US Has a Power Disconnection Crisis

Utilities can shut off electricity for an alarming number of Americans for nonpayment in a heat wave, write Sanya Carley and David Konisky.

Low-income residents are among those most likely to lose cooling in their homes because they can’t pay their bills. (Solidcolours/iStock/Getty Images Plus)

By Sanya Carley and David Konisky 
The Conversation
 

Millions of Americans have already been sweltering through heat waves this summer, and forecasters warn of hot months ahead. July 3 and 4 were two of the hottest days, and possibly the hottest, on satellite record globally.

For people who struggle to afford air conditioning, the rising need for cooling is a growing crisis.

An alarming number of Americans risk losing access to utility service altogether because they can’t pay their bills. Energy utility providers shut off electricity to at least 3 million customers in 2022 who had missed a bill payment.

Over 30 percent of these disconnections happened in the three summer months, during a year that was the fifth hottest on record.

In some cases, the loss of service lasted for just a few hours. But in others, people went without electricity for days or weeks while scrambling to find enough money to restore service, often only to face disconnection again.

As researchers who study energy justice and energy insecurity, we believe the United States is in the midst of a disconnection crisis.

We started tracking these disconnections utility by utility around the country, and we believe that the crisis will only get worse as the impacts of climate change become more widespread and more severe. In our view, it is time government agencies and utilities start treating household energy security as a national priority.

Constant Concern for 1-in-4 Households

Americans tend to think about the loss of electricity as something infrequent and temporary. For most, it is a rare inconvenience stemming from a heat wave or storm.

But for millions of U.S. households, the risk of losing power is a constant concern. According to the most recent data from the U.S. Energy Information Administration, 1 in 4 American households experience some form of energy insecurity each year, with no appreciable improvement over the past decade.

For many low-income households, the risk of a power shut-off reoccurs month after month. In a recent study, we found that over the course of a single year, half of all households whose power was disconnected dealt with disconnections multiple times as they struggled to pay their bills.

A woman sits outside the NeedLink Nashville offices after filling out an application to avoid losing electricity in 2022. (William DeShazer for The Washington Post via Getty Images)

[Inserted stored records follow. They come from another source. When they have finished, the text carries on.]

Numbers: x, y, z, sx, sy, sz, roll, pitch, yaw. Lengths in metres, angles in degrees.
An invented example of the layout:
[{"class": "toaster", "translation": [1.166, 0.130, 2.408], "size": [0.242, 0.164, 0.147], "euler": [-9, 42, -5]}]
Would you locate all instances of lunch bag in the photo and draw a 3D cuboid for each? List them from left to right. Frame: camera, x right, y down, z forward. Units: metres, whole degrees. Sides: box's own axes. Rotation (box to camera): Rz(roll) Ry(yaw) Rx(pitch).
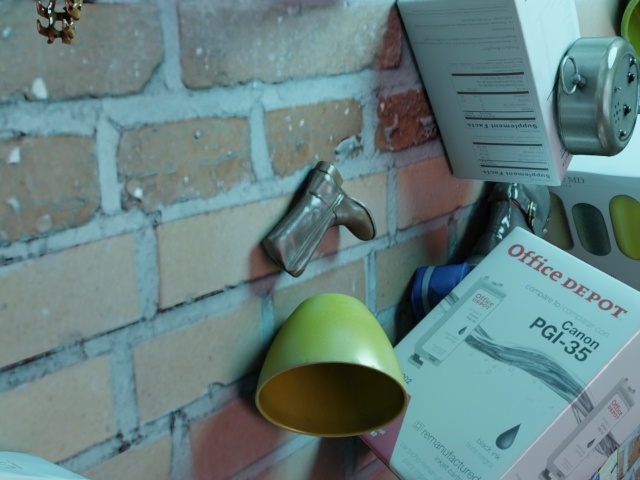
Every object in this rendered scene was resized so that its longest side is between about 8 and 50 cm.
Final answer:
[{"class": "lunch bag", "translation": [0.140, 0.077, 1.025], "size": [0.067, 0.065, 0.098], "euler": [-62, 141, -49]}]

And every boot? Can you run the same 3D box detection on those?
[{"class": "boot", "translation": [0.000, 0.000, 0.837], "size": [0.106, 0.037, 0.114], "euler": [50, 53, -30]}, {"class": "boot", "translation": [0.260, 0.035, 1.150], "size": [0.229, 0.091, 0.263], "euler": [-61, 140, -38]}]

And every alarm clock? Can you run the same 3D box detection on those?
[{"class": "alarm clock", "translation": [0.297, -0.158, 0.963], "size": [0.192, 0.064, 0.129], "euler": [8, 89, -52]}]

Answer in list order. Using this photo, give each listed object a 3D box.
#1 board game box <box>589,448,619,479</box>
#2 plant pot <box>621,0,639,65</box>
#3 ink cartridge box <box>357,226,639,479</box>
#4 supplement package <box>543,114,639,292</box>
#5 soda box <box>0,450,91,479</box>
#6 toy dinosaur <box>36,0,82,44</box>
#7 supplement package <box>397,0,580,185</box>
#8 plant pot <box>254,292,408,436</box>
[{"class": "board game box", "translation": [0.480, 0.410, 1.574], "size": [0.147, 0.045, 0.193], "euler": [-27, 118, -49]}, {"class": "plant pot", "translation": [0.682, -0.491, 1.447], "size": [0.366, 0.366, 0.353], "euler": [38, 54, -50]}, {"class": "ink cartridge box", "translation": [0.187, 0.146, 0.897], "size": [0.283, 0.207, 0.117], "euler": [-45, 129, -7]}, {"class": "supplement package", "translation": [0.435, -0.071, 1.279], "size": [0.198, 0.199, 0.262], "euler": [-56, 137, -29]}, {"class": "soda box", "translation": [-0.239, 0.155, 0.512], "size": [0.216, 0.074, 0.069], "euler": [26, 77, -53]}, {"class": "toy dinosaur", "translation": [-0.150, -0.286, 0.492], "size": [0.218, 0.164, 0.322], "euler": [-29, 99, -66]}, {"class": "supplement package", "translation": [0.202, -0.196, 0.989], "size": [0.139, 0.134, 0.244], "euler": [-55, 137, -33]}, {"class": "plant pot", "translation": [0.010, 0.106, 0.816], "size": [0.134, 0.134, 0.095], "euler": [54, 27, -44]}]
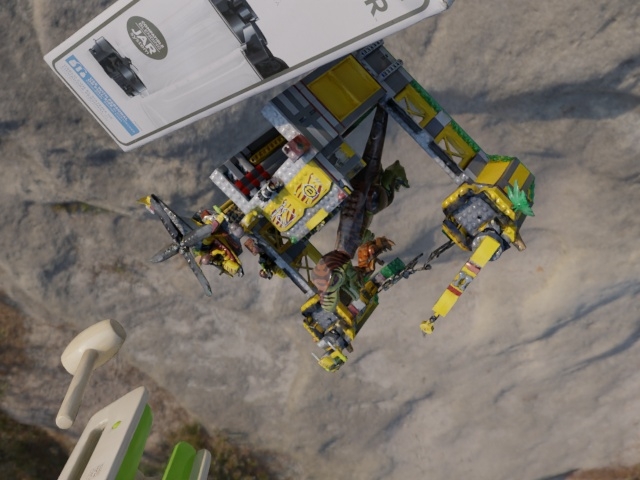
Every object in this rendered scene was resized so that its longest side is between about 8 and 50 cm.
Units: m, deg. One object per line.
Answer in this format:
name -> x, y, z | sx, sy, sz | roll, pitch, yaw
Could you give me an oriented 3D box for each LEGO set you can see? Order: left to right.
LEGO set -> 0.000, 0.000, 0.567 | 0.331, 0.192, 0.255 | -30, 102, 43

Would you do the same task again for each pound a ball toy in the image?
pound a ball toy -> -0.242, 0.254, 0.676 | 0.135, 0.319, 0.208 | -34, 109, 13

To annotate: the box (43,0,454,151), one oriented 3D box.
box -> -0.031, -0.168, 0.417 | 0.289, 0.169, 0.087 | -12, 125, 43
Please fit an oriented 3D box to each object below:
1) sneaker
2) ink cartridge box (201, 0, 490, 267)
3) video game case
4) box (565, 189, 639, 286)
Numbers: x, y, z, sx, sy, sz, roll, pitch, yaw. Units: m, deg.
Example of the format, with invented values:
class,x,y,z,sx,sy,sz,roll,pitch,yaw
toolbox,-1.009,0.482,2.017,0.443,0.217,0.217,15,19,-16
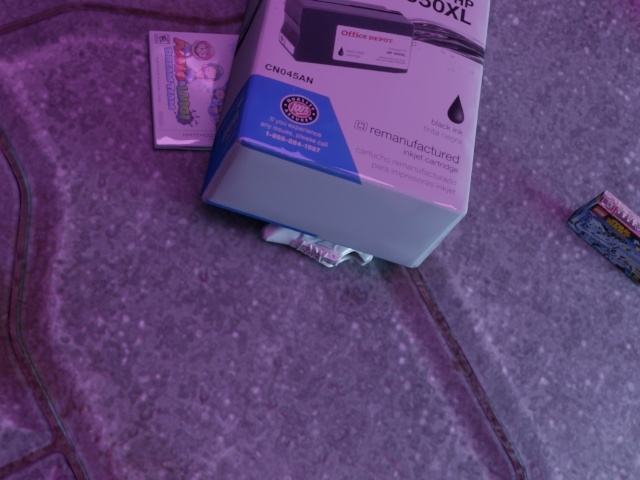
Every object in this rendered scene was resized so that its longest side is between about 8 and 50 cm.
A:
class,x,y,z,sx,sy,sz,roll,pitch,yaw
sneaker,0.000,0.000,1.581,0.152,0.053,0.061,2,75,-17
ink cartridge box,0.042,-0.205,1.568,0.285,0.166,0.395,17,60,-13
video game case,-0.145,-0.190,1.614,0.143,0.019,0.157,0,73,-17
box,0.403,-0.002,1.683,0.137,0.094,0.027,40,67,-3
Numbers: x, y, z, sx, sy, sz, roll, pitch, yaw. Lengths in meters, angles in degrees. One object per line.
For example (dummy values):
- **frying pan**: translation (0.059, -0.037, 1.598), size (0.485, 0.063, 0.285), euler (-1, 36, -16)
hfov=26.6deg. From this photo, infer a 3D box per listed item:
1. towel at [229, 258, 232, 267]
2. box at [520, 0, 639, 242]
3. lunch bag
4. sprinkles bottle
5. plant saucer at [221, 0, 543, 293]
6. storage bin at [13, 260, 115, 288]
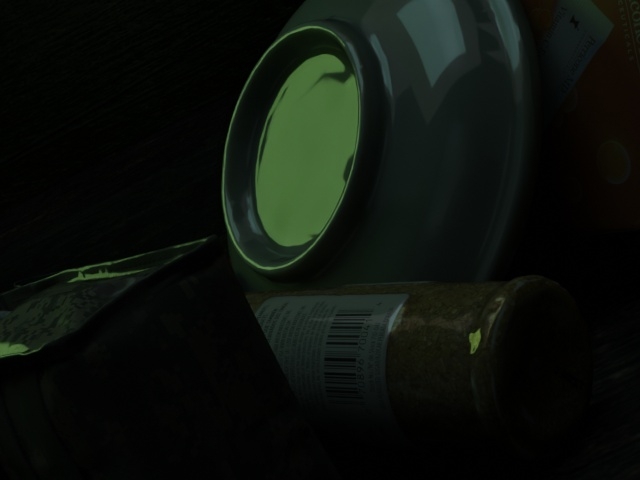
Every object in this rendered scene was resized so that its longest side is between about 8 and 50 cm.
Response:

Energy insecurity like this is especially common among low-income Americans, people of color, families with young children, individuals who rely on electronic medical devices or those living in poor housing conditions. During the first year of the Covid-19 pandemic, we found that Black and Hispanic households were three and four times, respectively, more likely to lose service than white households.

Along with existing financial constraints, people are facing rising electricity rates in many areas, rising inflation and higher temperatures that require cooling. Some also face a history of redlining and poor city planning that has concentrated certain populations in less efficient homes. Taken together, the crisis is apparent.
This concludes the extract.